In simple words: First, find the length of one side of the rhombus from its perimeter. Since diagonals of a rhombus cross each other at a right angle and cut each other in half, use half of the given diagonal and the side length in a right-angled triangle. Then, use the Pythagorean theorem to find half of the other diagonal, and finally double that to find its full length.

🎯 Exam Tip: For rhombus problems, remember that its four sides are equal, and its diagonals intersect at a right angle, bisecting each other. This creates four congruent right-angled triangles, allowing the use of the Pythagorean theorem.

Question 9. The area of a field in the shape of a trapezium measures 1440 m². The perpendicular distance between its parallel sides is 24 m. If the ratio of the parallel sides is 5 : 3, the length of the longer parallel sides is:
(a) 45 m
(b) 60 m
(c) 75 cm
(d) 120 m
Answer: (c) 75 m
Area of a trapezium \( = 1440 \text{ m}^2 \).
Perpendicular distance (height) \( = 24 \) m.
The formula for the area of a trapezium is \( \frac{1}{2} \times (\text{sum of parallel sides}) \times \text{height} \).
Let the parallel sides be \( a \) and \( b \).
\( 1440 = \frac{1}{2} \times (a+b) \times 24 \)
\( 1440 = 12 \times (a+b) \)

\( \implies a+b = \frac{1440}{12} = 120 \) m. This is the sum of the two parallel sides.
The ratio of the parallel sides is 5 : 3.
Let the longer side be \( 5x \) and the shorter side be \( 3x \).
Sum of sides \( = 5x + 3x = 8x \).
We know \( 8x = 120 \) m.

\( \implies x = \frac{120}{8} = 15 \) m.
The longer parallel side \( = 5x = 5 \times 15 = 75 \) m. The problem asks for the longer parallel side, which is 5/8 of the total sum.
(Note: Option (c) in the source has "75 cm" but the calculation is in meters. We adopt the numerical value and correct unit.)
In simple words: First, use the trapezium's area and height to find the total length of its two parallel sides. Then, use the given ratio of these parallel sides to calculate the actual length of the longer side.

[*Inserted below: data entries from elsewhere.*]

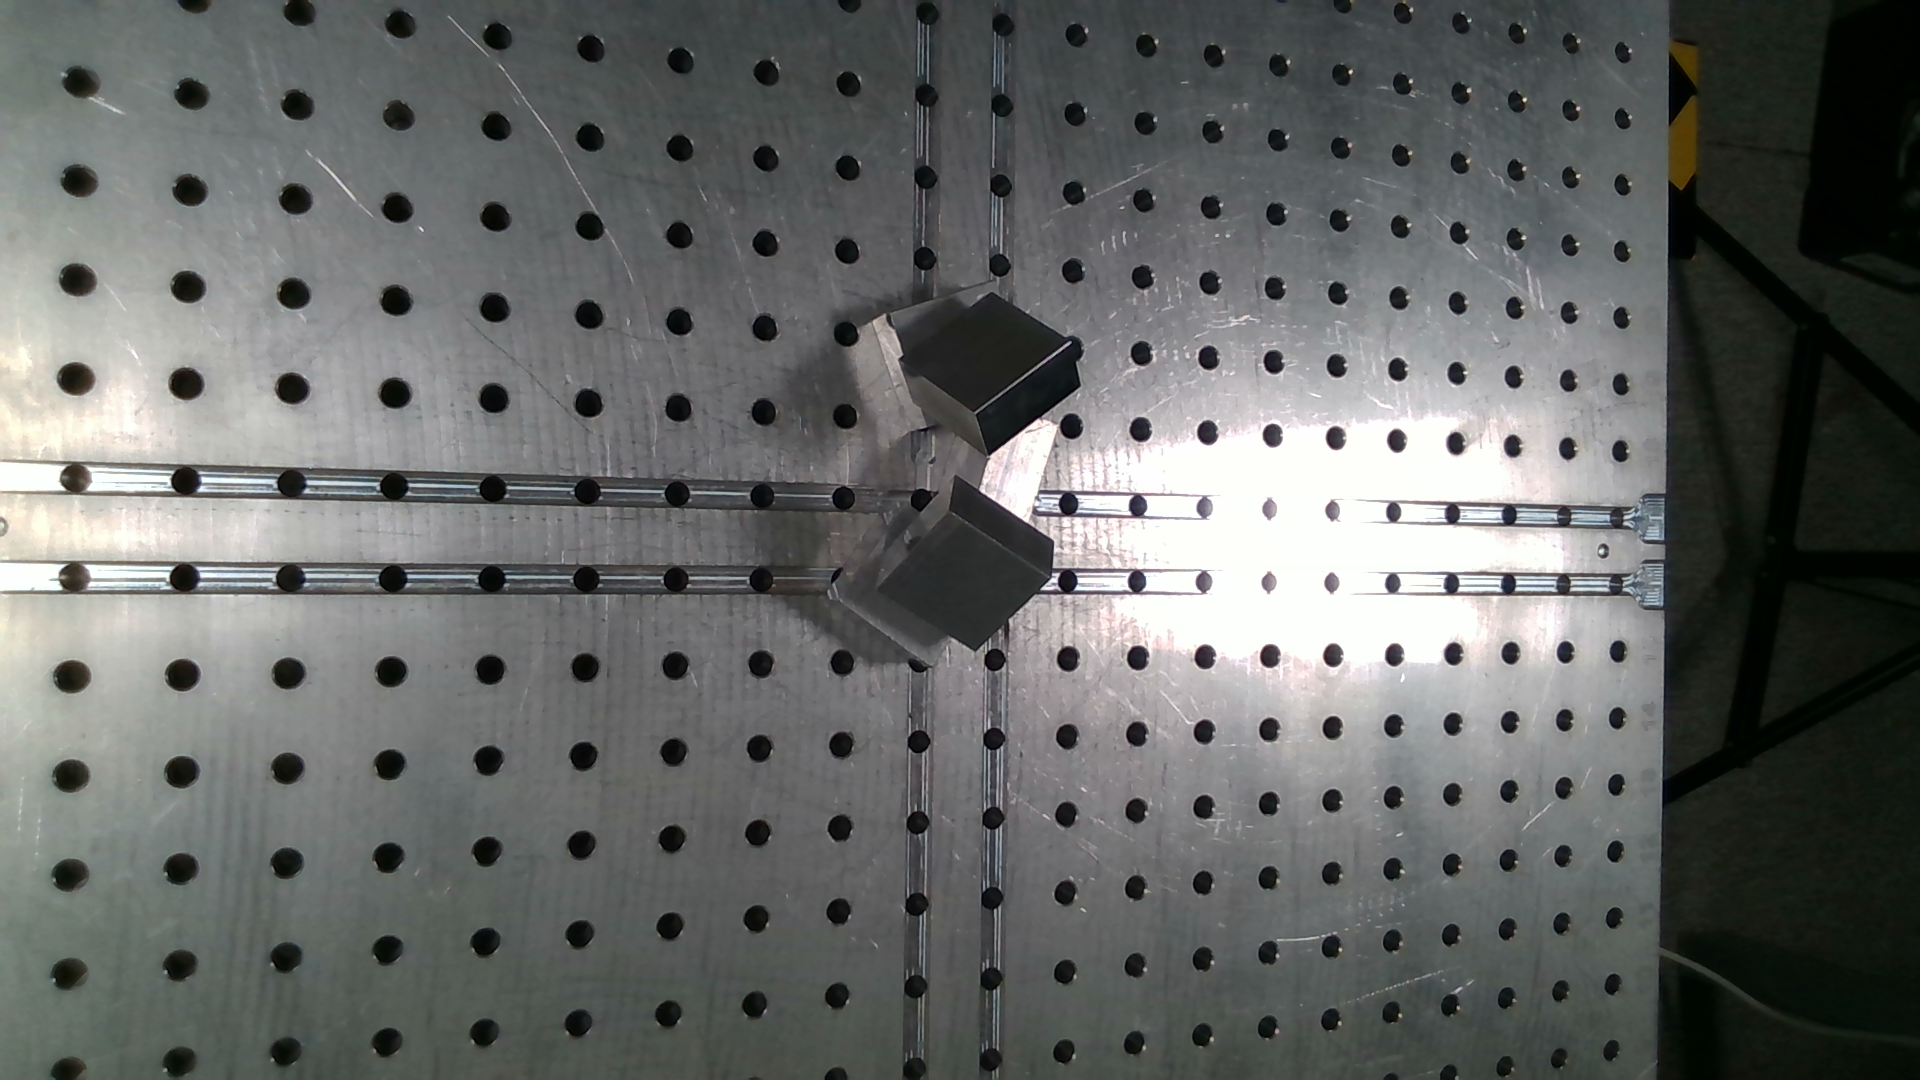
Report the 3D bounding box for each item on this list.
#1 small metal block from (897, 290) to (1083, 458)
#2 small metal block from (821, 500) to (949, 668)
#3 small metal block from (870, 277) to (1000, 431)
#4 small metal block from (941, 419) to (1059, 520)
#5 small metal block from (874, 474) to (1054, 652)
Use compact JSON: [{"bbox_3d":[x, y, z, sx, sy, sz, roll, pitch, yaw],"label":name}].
[{"bbox_3d":[0.012,-0.067,0.550,0.050,0.050,0.025,-38,141,-16],"label":"small metal block"},{"bbox_3d":[-0.022,0.018,0.581,0.050,0.025,0.050,37,78,-17],"label":"small metal block"},{"bbox_3d":[-0.004,-0.079,0.587,0.050,0.025,0.050,-21,97,-19],"label":"small metal block"},{"bbox_3d":[0.013,-0.028,0.580,0.025,0.050,0.050,20,83,-19],"label":"small metal block"},{"bbox_3d":[0.002,0.010,0.548,0.050,0.025,0.050,33,123,-18],"label":"small metal block"}]
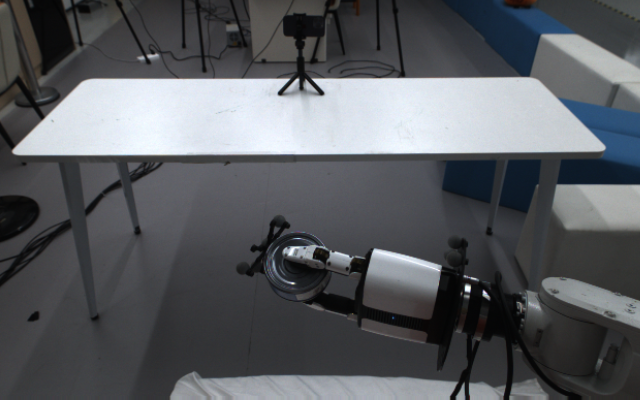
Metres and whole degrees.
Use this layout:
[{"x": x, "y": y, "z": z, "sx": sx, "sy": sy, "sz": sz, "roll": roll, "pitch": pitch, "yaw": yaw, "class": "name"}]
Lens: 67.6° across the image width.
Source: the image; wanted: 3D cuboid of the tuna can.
[{"x": -0.024, "y": 0.088, "z": 0.615, "sx": 0.085, "sy": 0.034, "sz": 0.085, "roll": -1, "pitch": 61, "yaw": 1, "class": "tuna can"}]
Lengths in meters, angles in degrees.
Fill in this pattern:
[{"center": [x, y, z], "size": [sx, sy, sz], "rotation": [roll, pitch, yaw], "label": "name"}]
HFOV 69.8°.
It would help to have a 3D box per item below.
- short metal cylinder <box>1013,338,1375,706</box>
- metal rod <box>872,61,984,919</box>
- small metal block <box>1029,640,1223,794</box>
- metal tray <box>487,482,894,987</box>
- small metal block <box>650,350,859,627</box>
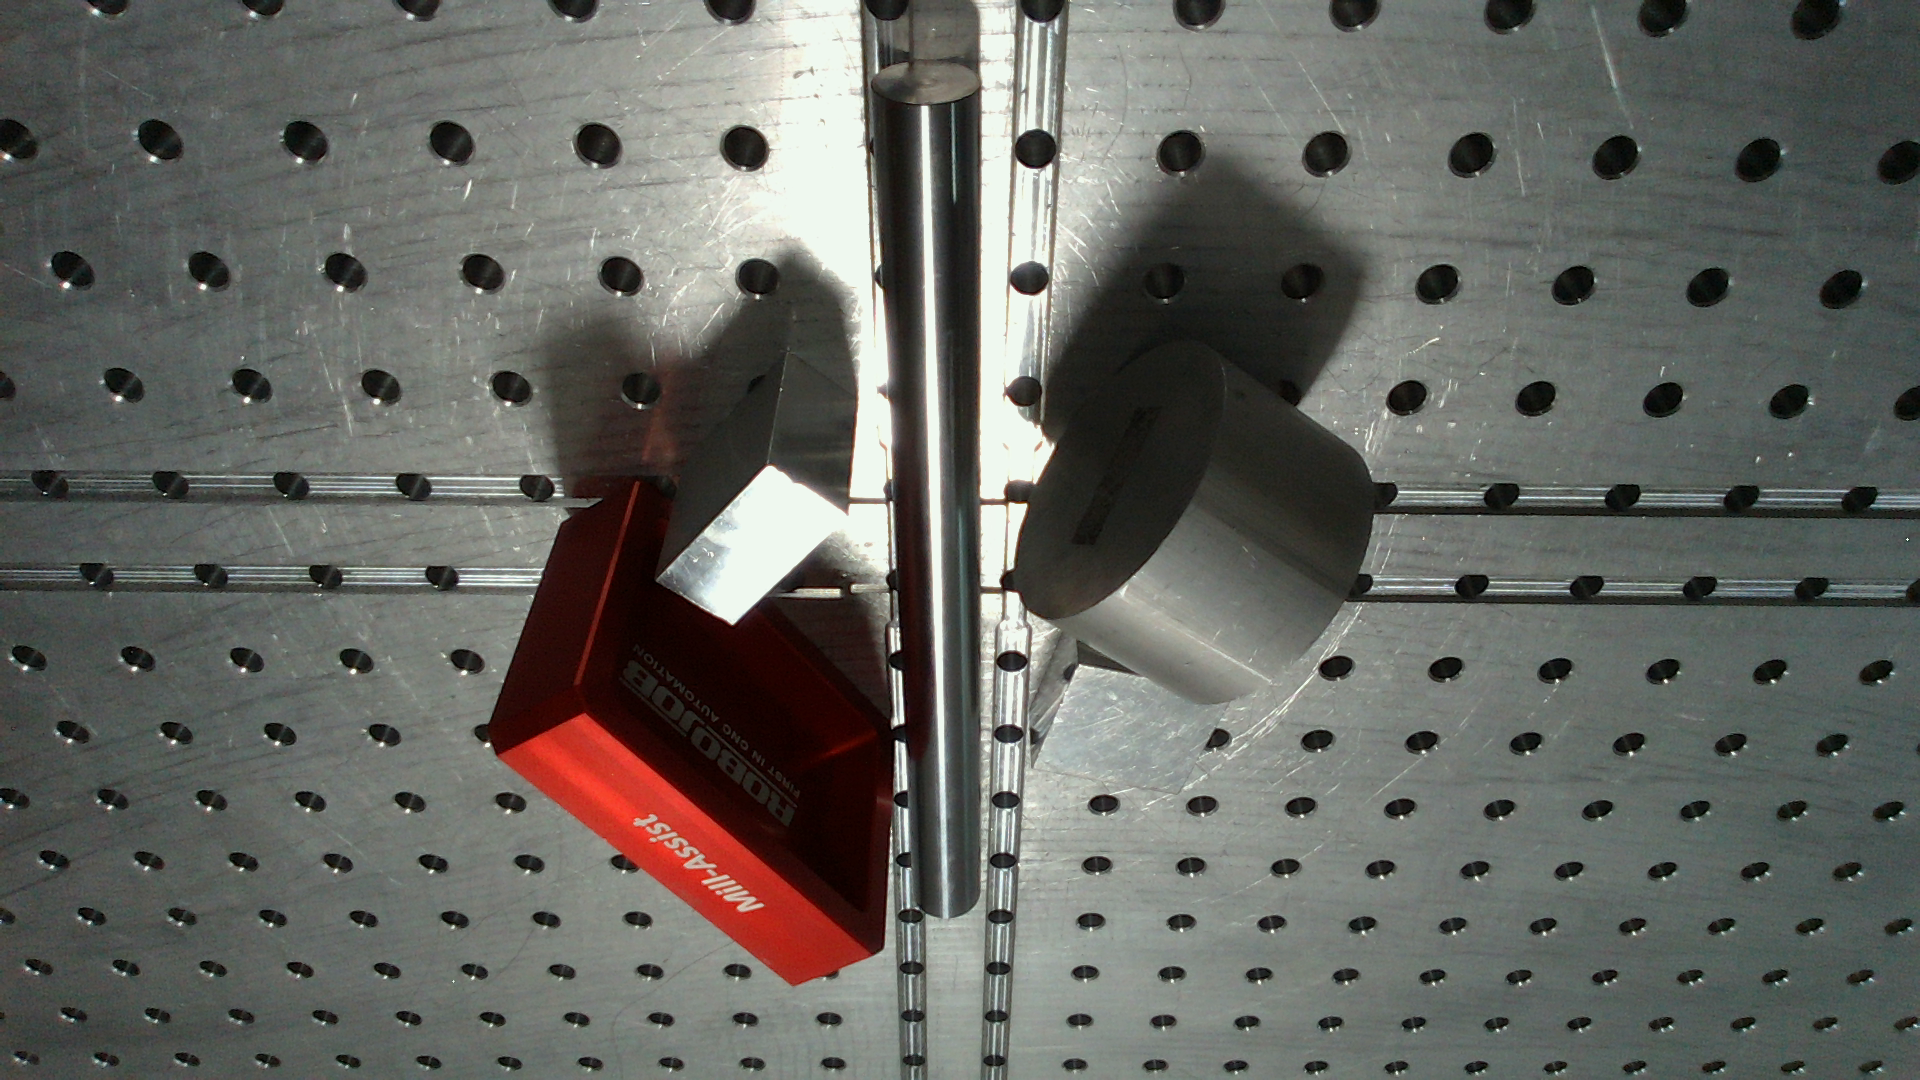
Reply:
[{"center": [0.058, -0.004, 0.354], "size": [0.050, 0.080, 0.080], "rotation": [30, 124, -23], "label": "short metal cylinder"}, {"center": [-0.006, 0.013, 0.403], "size": [0.025, 0.025, 0.300], "rotation": [0, 130, 0], "label": "metal rod"}, {"center": [0.053, 0.051, 0.438], "size": [0.050, 0.025, 0.050], "rotation": [11, 129, -10], "label": "small metal block"}, {"center": [-0.069, 0.057, 0.398], "size": [0.030, 0.090, 0.130], "rotation": [-26, 126, 20], "label": "metal tray"}, {"center": [-0.053, -0.014, 0.364], "size": [0.025, 0.050, 0.050], "rotation": [34, 122, -25], "label": "small metal block"}]
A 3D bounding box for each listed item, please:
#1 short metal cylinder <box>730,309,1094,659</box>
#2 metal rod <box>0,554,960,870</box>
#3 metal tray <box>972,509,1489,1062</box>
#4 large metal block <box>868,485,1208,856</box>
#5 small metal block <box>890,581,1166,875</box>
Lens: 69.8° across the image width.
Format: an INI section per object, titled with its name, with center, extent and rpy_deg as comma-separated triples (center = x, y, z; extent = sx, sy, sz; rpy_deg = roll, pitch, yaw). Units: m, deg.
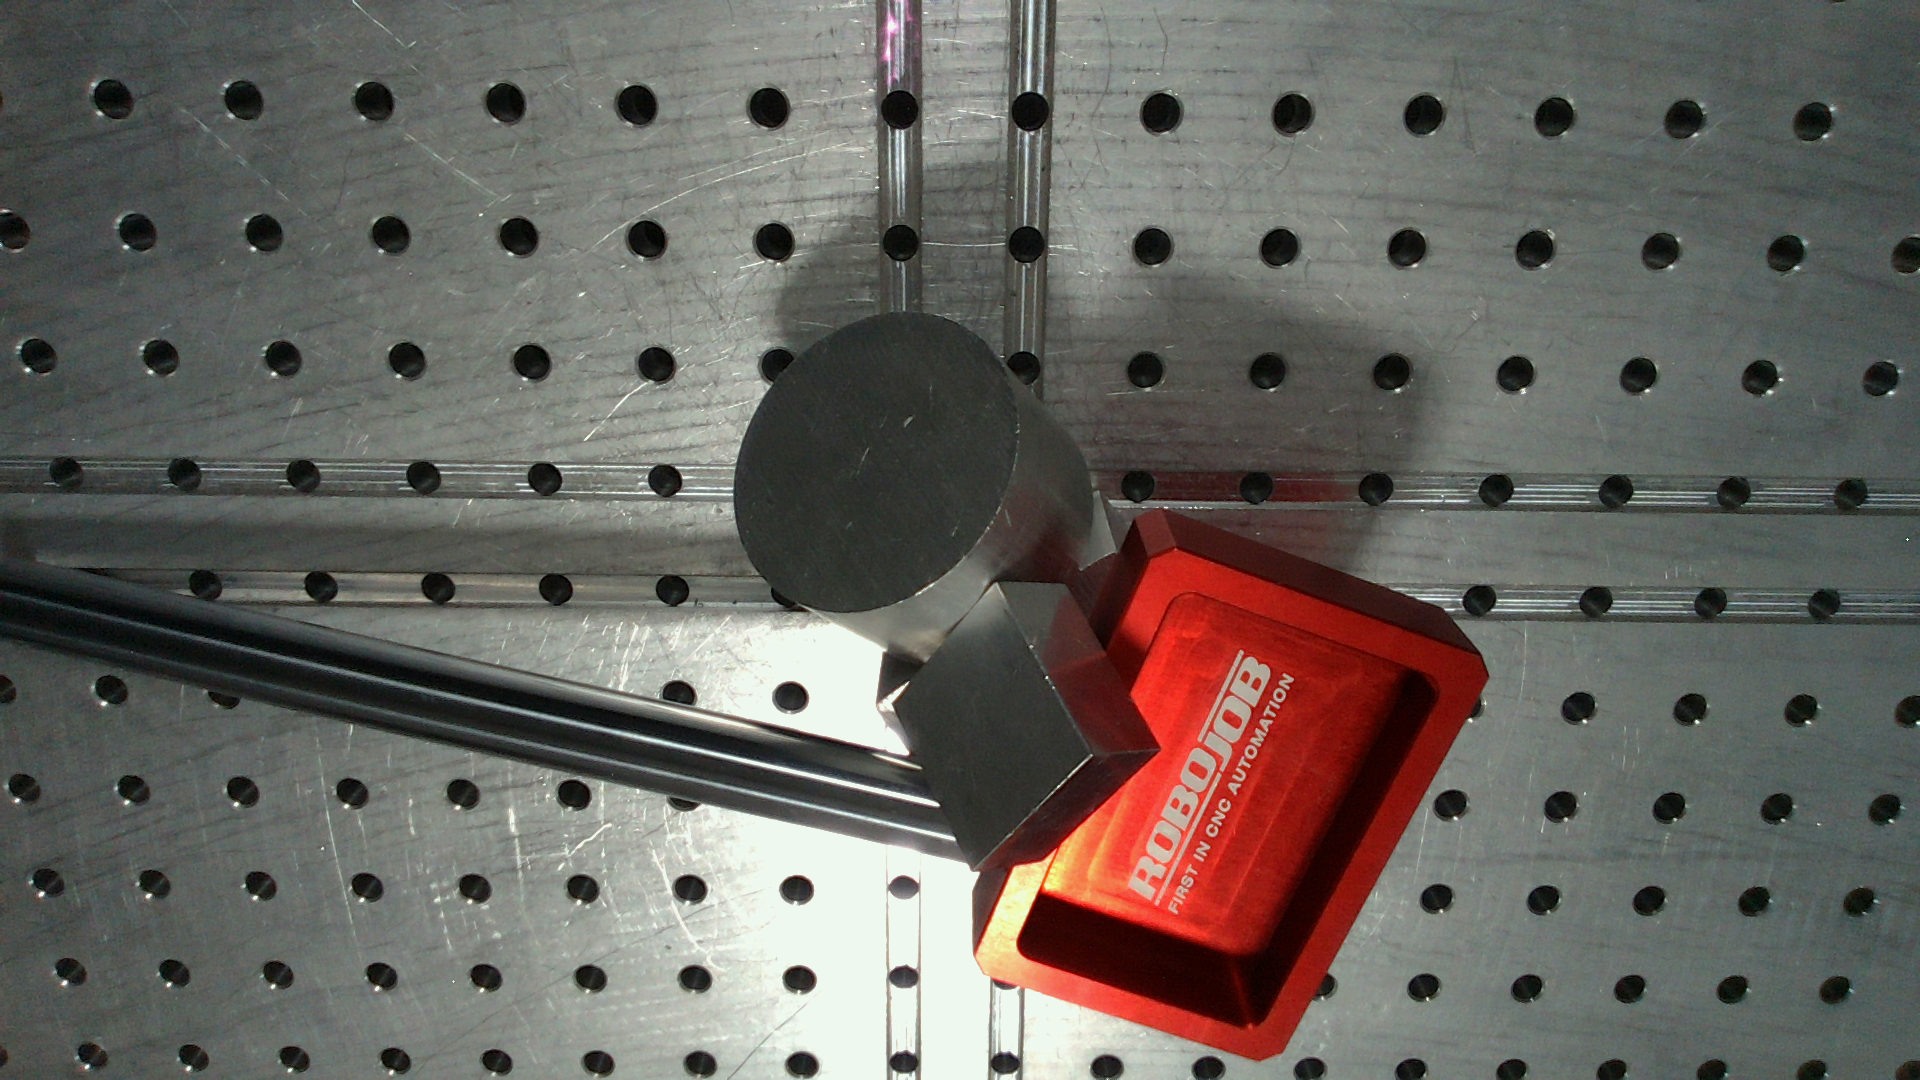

🎯 Exam Tip: Be careful with units! Although an option might suggest a different unit (like cm here), always derive your answer based on the units given in the problem statement (m in this case).

Question 10. A lawn 30 m long and 16 m wide is surrounded by a path 2 m wide. What is the area of the path?
(a) 200 m²
(b) 280 m²
(c) 300 m²
(d) 320 m²
Answer: (a) 200 m²
Length of the lawn \( (\text{inner length}) = 30 \) m.
Breadth of the lawn \( (\text{inner breadth}) = 16 \) m.
Width of the path around the lawn \( = 2 \) m.
To find the dimensions of the outer rectangle (lawn + path):
Outer length \( = \text{Inner length} + (2 \times \text{path width}) \)
Outer length \( = 30 + (2 \times 2) = 30 + 4 = 34 \) m.
Outer breadth \( = \text{Inner breadth} + (2 \times \text{path width}) \)
Outer breadth \( = 16 + (2 \times 2) = 16 + 4 = 20 \) m.
Area of the path \( = \text{Area of Outer Rectangle} - \text{Area of Inner Rectangle} \).
Area of Outer Rectangle \( = \text{Outer length} \times \text{Outer breadth} = 34 \times 20 = 680 \text{ m}^2 \).
Area of Inner Rectangle \( = \text{Inner length} \times \text{Inner breadth} = 30 \times 16 = 480 \text{ m}^2 \).
Area of path \( = 680 - 480 = 200 \text{ m}^2 \). Calculating areas by multiplying length and breadth is a fundamental skill.
In simple words: First, figure out the total length and width of the lawn including the path. Then, calculate the area of this larger rectangle and subtract the area of the lawn itself. The leftover area is the area of the path.

🎯 Exam Tip: When dealing with paths around a rectangle, always remember to add the path width twice (once for each side) to both the length and breadth of the inner rectangle to get the outer dimensions.